I have tried every possible trouble shooting procedure and I can not get this to work right. I can also report that 20.5.9 does not fix this either. This did work with the Premiere 4 with 20.5.6 so it is a problem with the Roamio line. I also have to note I that I have the Base Roamio and not the Plus or Pro. All my other devices that are connected to the receiver are functioning properly. I had the HDMI board replaced last January so I know that is not the problem.

There is a large number of threads that popped up with HDMI issues when the 20.5.6 update was rolled out so you are not the only one with this problem.


----------



## jonjblack (Mar 10, 2016)

Jed1 said:


> There is a couple of things that have to be checked first.
> If your Onkyo is a 2009 to 2012 model, the chip on the HDMI board maybe failing. Onkyo has a repair program for those receivers.
> http://www.onkyousa.com/Support/service_info.php
> 
> ...


Thank you. I am aware of the past Onkyo HDMI issues. The original setup that was working for me was an older TX-NR606 (2008 model). This did have an HDMI issue, but didn't make the cut for the exchange program. I bought the capacitors to do the replacement myself, but never found the time to open up the unit. I also had a TX-616 in a different setup in my house where I did take advantage of the Onkyo program to get the newer 646 model. The 606 that was working in my setup was only using one of the 2 HDMI outputs. The signal was being split between by the HDMI splitter I explained in my first post. This whole setup was working, but I didn't completely trust the old Onkyo 606 when I started seeing HDMI issues with the winter Tivo SW update. I replaced it with the 646 and I still have issues.

You bring up a good point on the pass through mode. At some point during my troubleshooting, I did enable this on my Onkyo 646. I don't actually get audio working on my TV with the pass through mode. Using the TV volume control, I get nothing. I never spent a lot of time with this as I don't use that configuration. I do always get audio (without any distortion) with the TV speakers if I switch to the other HDMI input on my TV that bypasses the Onkyo receiver. This is the secondary connection I added to try and workaround the HDCP / EDID problem.

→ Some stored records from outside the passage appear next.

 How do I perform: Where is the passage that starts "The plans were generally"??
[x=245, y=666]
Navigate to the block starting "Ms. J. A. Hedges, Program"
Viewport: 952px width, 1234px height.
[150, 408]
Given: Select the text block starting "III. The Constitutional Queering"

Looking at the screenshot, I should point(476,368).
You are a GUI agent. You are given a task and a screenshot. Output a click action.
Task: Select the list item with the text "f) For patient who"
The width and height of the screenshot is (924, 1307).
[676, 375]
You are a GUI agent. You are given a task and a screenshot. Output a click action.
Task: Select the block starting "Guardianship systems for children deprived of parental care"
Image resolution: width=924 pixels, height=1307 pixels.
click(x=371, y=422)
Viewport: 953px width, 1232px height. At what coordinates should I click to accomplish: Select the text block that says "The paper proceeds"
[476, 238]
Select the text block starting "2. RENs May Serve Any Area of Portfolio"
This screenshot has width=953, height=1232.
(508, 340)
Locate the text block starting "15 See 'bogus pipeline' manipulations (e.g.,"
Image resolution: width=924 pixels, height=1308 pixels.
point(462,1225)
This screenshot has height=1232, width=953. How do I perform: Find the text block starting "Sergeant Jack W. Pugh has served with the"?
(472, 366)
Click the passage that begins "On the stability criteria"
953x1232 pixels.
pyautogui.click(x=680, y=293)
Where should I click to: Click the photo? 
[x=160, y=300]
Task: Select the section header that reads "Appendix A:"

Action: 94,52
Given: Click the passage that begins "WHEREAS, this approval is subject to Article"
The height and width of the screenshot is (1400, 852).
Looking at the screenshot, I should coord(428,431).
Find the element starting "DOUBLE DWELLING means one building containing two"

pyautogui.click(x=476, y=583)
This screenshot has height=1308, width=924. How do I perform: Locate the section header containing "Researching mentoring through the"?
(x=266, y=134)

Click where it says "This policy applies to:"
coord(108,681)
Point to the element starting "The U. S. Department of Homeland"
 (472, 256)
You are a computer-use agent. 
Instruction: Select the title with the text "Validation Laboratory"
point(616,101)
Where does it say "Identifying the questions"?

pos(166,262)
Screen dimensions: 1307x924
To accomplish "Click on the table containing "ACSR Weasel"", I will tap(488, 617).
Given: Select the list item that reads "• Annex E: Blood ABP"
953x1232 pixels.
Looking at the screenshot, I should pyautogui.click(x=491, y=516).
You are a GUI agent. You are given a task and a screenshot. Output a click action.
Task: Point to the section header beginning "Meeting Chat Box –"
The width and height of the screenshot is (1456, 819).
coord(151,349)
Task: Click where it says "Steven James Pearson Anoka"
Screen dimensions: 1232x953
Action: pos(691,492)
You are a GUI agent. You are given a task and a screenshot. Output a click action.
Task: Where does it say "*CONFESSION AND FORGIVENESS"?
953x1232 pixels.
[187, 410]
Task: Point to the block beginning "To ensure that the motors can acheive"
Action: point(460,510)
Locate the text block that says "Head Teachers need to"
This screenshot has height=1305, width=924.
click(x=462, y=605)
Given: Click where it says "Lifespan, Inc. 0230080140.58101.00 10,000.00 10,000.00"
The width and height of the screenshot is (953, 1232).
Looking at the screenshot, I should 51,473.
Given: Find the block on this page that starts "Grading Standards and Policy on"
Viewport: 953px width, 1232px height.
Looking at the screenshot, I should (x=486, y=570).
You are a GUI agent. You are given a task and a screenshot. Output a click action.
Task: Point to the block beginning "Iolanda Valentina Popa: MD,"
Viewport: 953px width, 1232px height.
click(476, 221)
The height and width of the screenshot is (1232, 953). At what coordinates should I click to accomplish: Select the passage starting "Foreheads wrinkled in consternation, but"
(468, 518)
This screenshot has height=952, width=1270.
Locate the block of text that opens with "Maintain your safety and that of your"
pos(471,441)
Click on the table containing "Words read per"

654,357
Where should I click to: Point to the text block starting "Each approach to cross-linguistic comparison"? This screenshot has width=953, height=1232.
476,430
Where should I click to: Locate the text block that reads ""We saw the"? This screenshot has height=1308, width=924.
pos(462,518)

Edit: I forgot to mention that I also have the basic Roamio. I updated it right after I bought it with one of the 2TB WD "Red" drives recommended here.


----------



## SNJpage1 (May 25, 2006)

When I was having my problem the screen would turn green and around the edges it looked like a rainbow of colors.


----------



## Jed1 (Jun 18, 2013)

jonjblack said:


> Thank you. I am aware of the past Onkyo HDMI issues. The original setup that was working for me was an older TX-NR606 (2008 model). This did have an HDMI issue, but didn't make the cut for the exchange program. I bought the capacitors to do the replacement myself, but never found the time to open up the unit. I also had a TX-616 in a different setup in my house where I did take advantage of the Onkyo program to get the newer 646 model. The 606 that was working in my setup was only using one of the 2 HDMI outputs. The signal was being split between by the HDMI splitter I explained in my first post. This whole setup was working, but I didn't completely trust the old Onkyo 606 when I started seeing HDMI issues with the winter Tivo SW update. I replaced it with the 646 and I still have issues.
> 
> You bring up a good point on the pass through mode. At some point during my troubleshooting, I did enable this on my Onkyo 646. I don't actually get audio working on my TV with the pass through mode. Using the TV volume control, I get nothing. I never spent a lot of time with this as I don't use that configuration. I do always get audio (without any distortion) with the TV speakers if I switch to the other HDMI input on my TV that bypasses the Onkyo receiver. This is the secondary connection I added to try and workaround the HDCP / EDID problem.
> 
> Edit: I forgot to mention that I also have the basic Roamio. I updated it right after I bought it with one of the 2TB WD "Red" drives recommended here.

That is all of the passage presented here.